Task goal - Show every line below where "object" appears.

Source data
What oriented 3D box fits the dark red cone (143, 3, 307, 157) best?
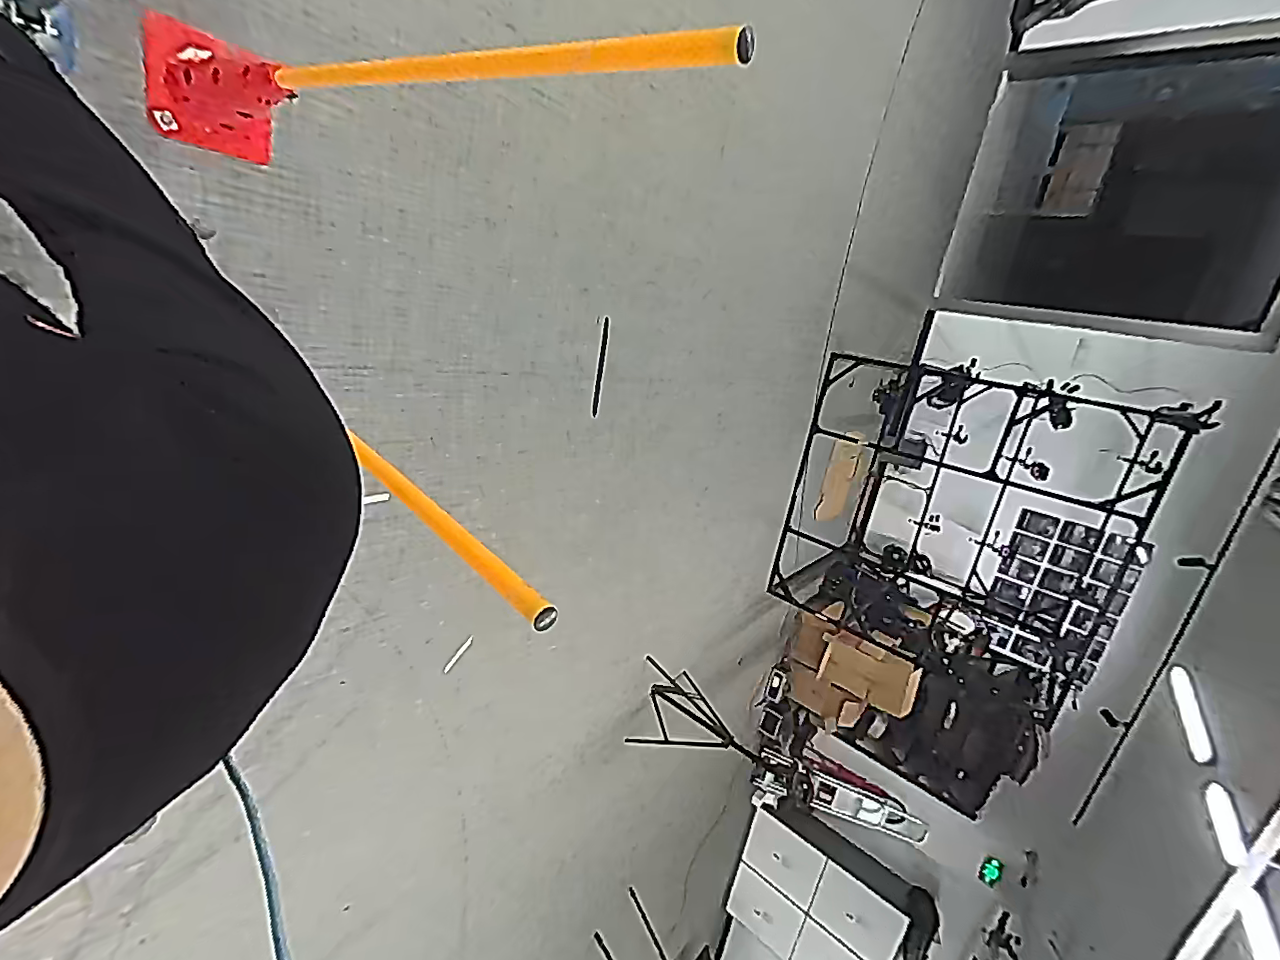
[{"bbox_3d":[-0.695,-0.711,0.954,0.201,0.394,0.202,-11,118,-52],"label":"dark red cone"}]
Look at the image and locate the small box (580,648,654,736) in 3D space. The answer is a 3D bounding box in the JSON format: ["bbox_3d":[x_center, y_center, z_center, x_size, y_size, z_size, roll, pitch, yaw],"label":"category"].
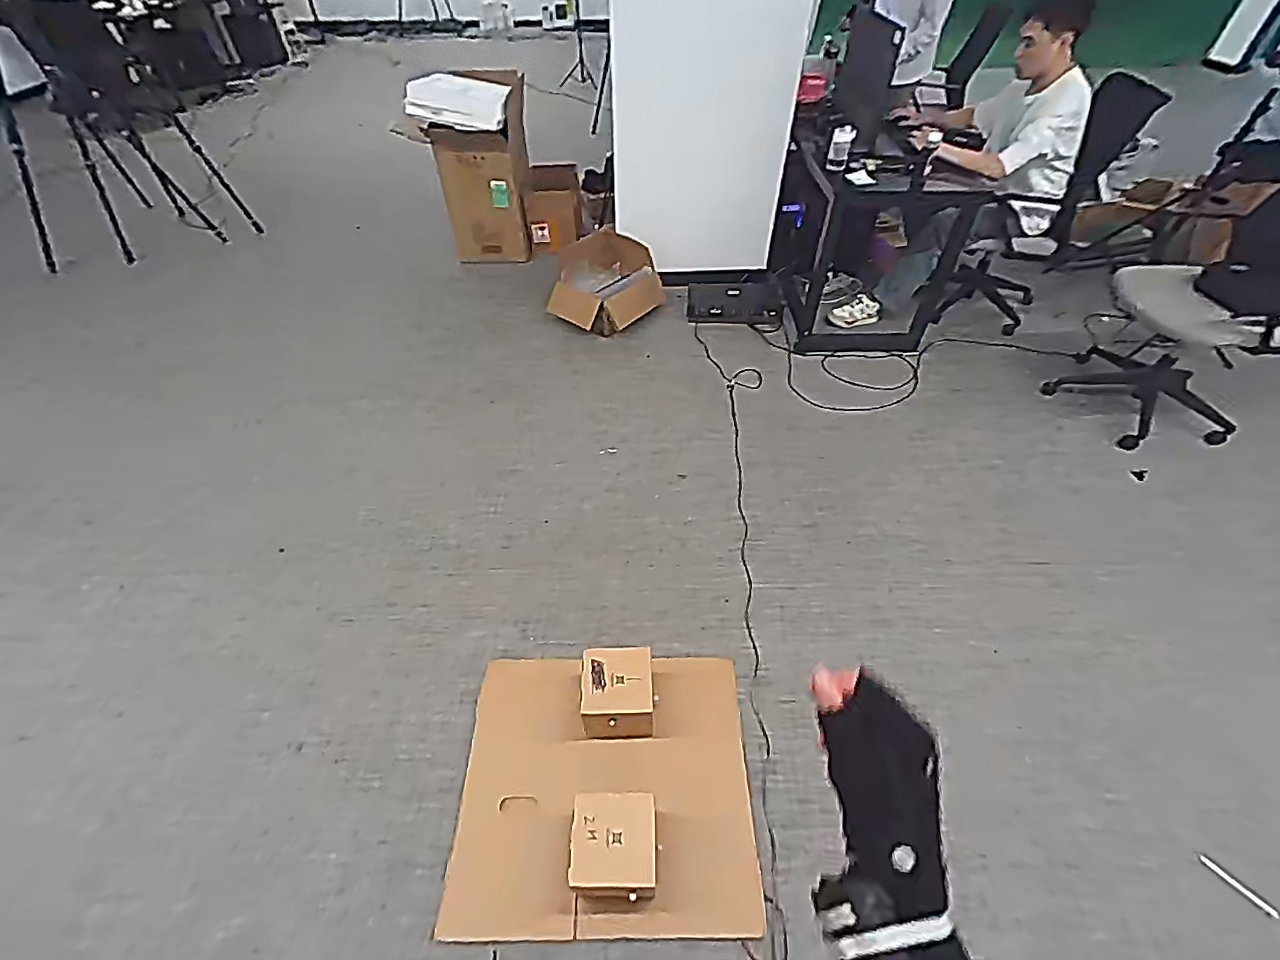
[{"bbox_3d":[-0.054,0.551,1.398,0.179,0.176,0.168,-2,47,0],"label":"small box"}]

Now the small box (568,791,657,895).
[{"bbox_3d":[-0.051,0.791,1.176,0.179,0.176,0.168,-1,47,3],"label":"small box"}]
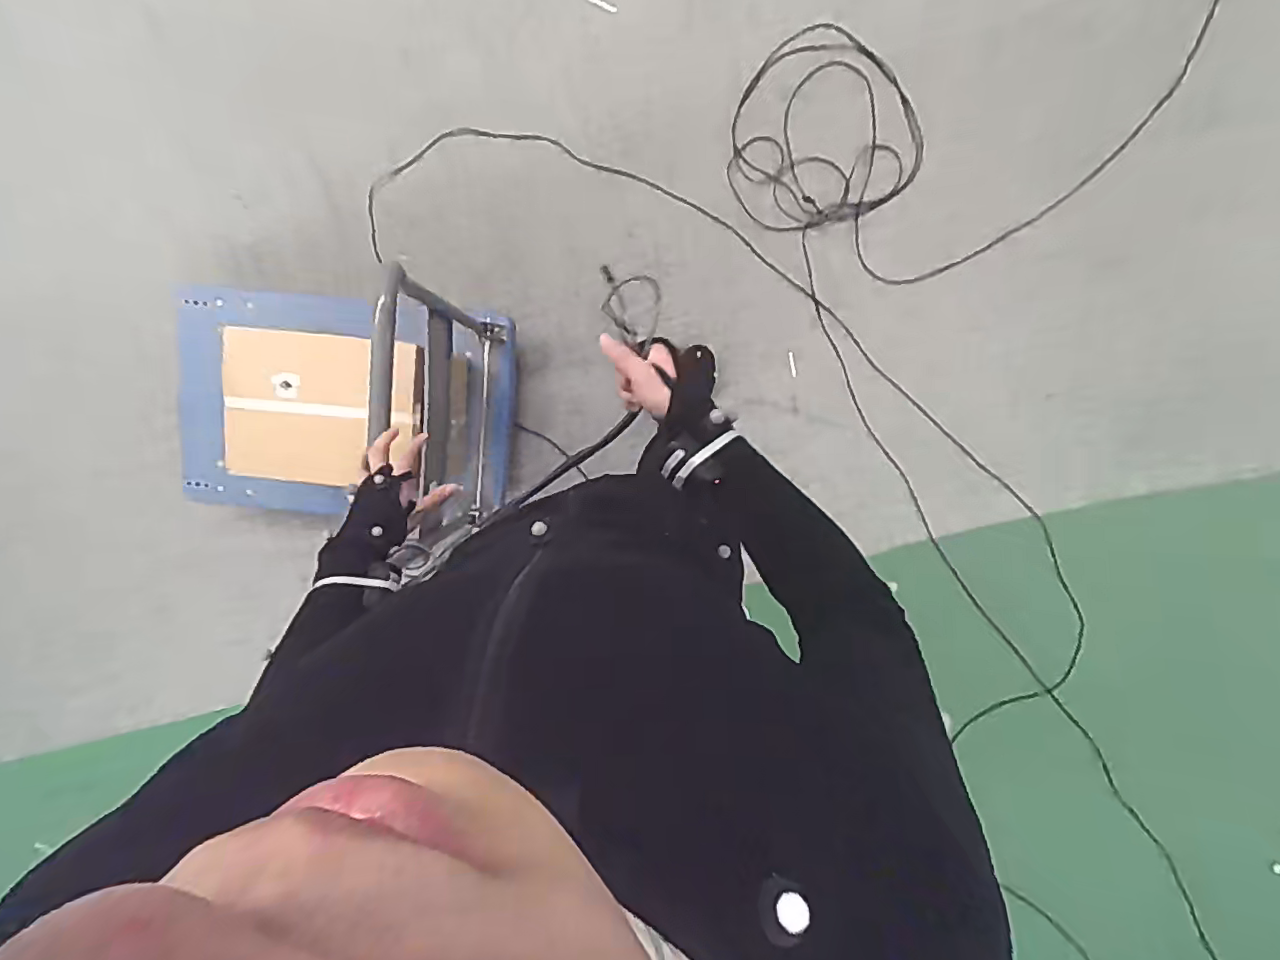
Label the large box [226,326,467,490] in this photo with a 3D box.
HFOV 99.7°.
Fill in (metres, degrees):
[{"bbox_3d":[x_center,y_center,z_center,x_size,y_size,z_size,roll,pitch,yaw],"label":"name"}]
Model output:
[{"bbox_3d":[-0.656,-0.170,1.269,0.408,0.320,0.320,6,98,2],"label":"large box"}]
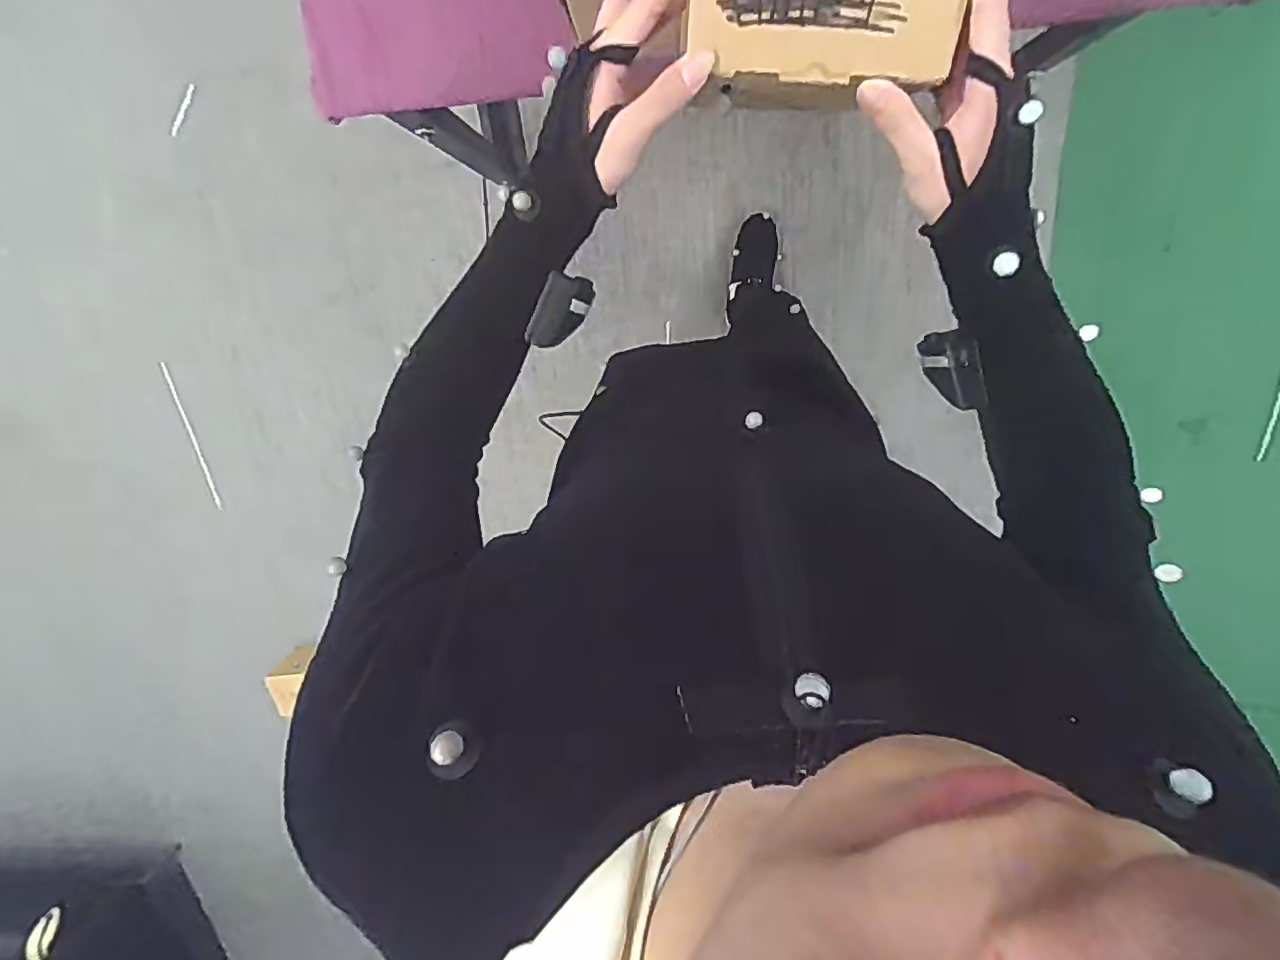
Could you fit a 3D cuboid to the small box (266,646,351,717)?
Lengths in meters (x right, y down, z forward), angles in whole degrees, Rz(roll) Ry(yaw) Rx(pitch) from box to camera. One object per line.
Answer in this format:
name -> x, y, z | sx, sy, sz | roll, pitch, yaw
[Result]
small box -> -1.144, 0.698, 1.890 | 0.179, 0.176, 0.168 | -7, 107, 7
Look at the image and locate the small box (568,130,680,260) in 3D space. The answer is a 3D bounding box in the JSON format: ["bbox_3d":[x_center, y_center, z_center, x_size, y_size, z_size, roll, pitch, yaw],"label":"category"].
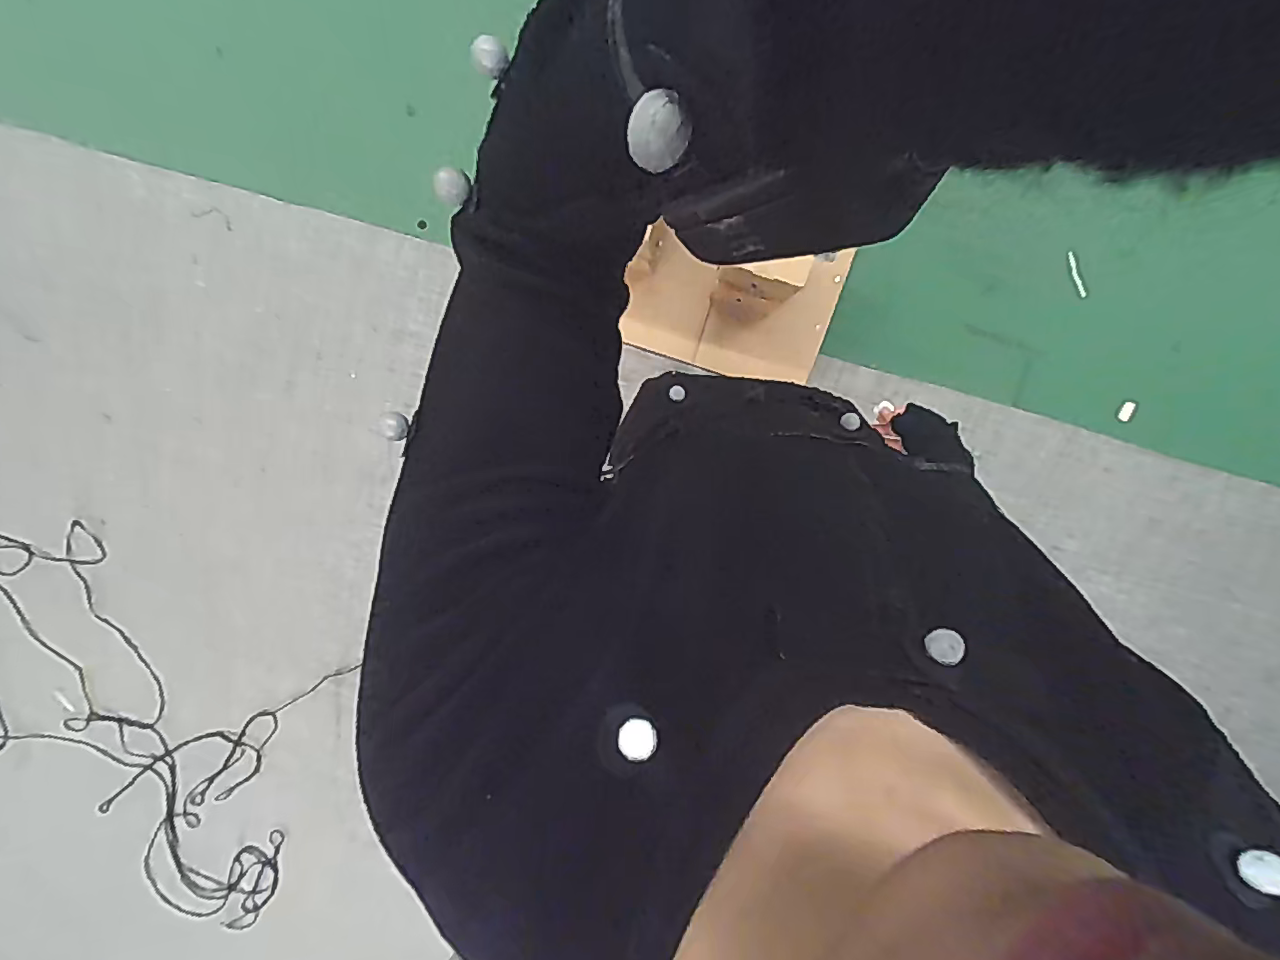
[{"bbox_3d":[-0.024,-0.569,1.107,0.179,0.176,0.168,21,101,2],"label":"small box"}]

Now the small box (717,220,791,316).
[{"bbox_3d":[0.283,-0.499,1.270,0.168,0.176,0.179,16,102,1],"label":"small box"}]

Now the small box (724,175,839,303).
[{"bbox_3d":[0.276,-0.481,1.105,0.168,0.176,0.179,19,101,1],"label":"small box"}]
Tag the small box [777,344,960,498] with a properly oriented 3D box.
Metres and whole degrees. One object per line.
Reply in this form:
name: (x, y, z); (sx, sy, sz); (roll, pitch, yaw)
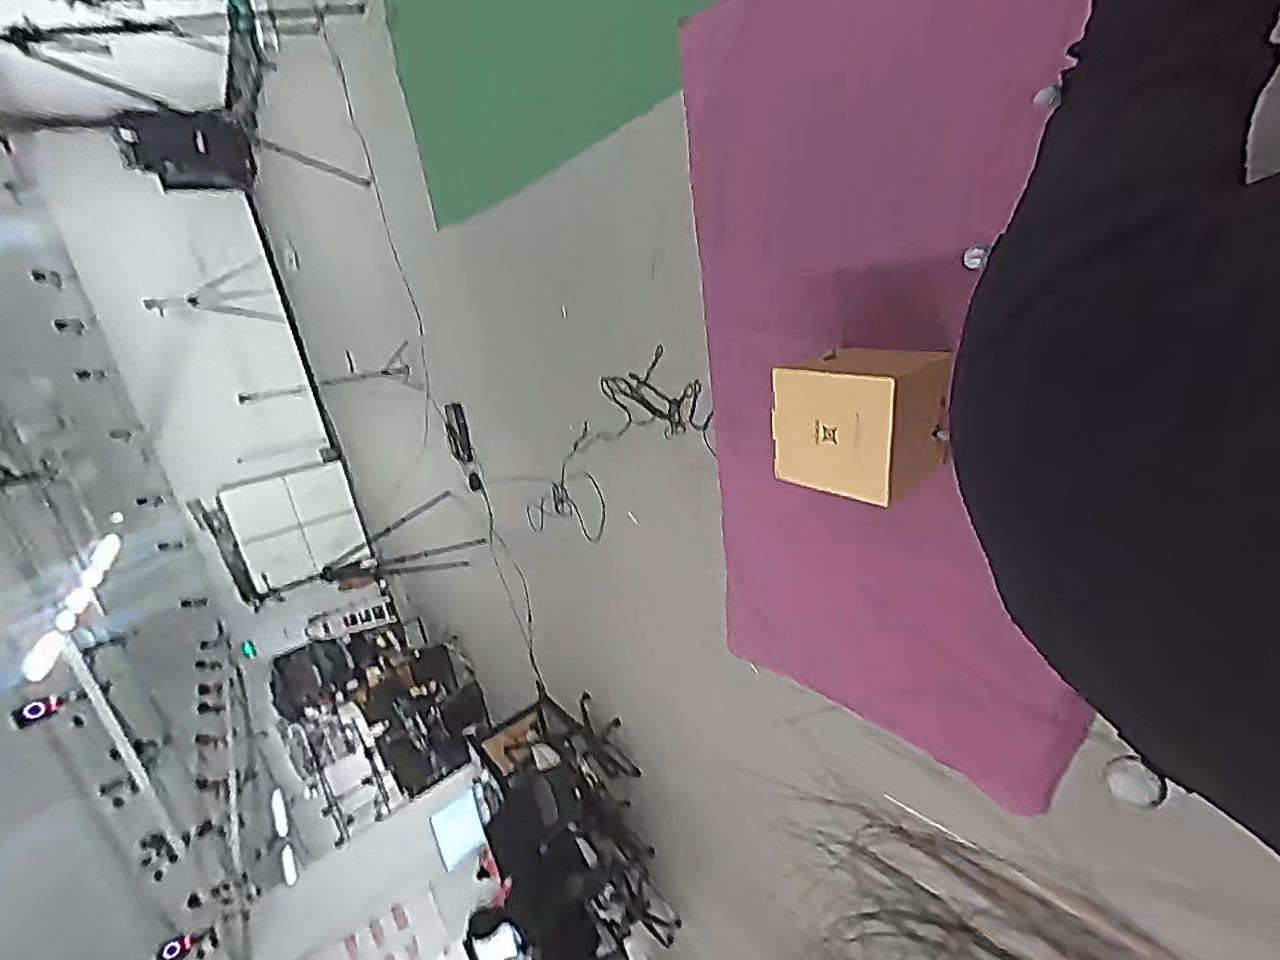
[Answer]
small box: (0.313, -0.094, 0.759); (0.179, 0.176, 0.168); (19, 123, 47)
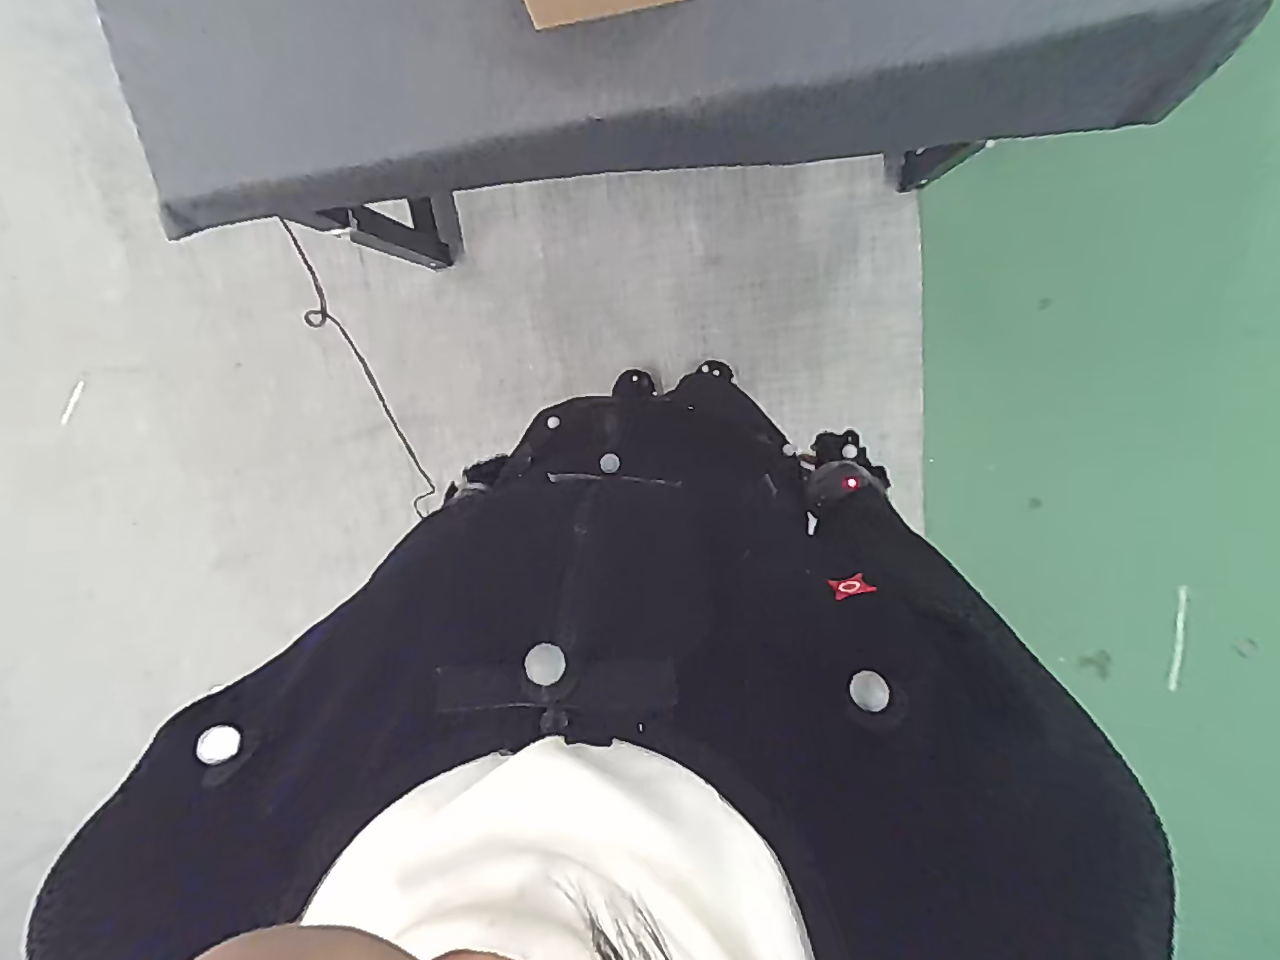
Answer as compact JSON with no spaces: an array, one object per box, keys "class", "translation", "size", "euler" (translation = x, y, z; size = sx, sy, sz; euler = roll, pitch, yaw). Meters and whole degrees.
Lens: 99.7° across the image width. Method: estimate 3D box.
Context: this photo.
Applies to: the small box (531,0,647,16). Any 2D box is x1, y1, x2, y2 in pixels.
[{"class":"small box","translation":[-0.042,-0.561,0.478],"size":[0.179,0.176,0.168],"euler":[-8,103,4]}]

Result of this exercise -
Lengths in meters (x right, y down, z forward), angles in whole degrees, Rz(roll) Ry(yaw) Rx(pitch) from box to camera. One object per line.
Metres and whole degrees. One object per line.
Answer as compact JSON with no spaces: an array, one object per box, keys "class", "translation", "size", "euler" (translation = x, y, z; size = sx, sy, sz; euler = roll, pitch, yaw). Meters and whole degrees.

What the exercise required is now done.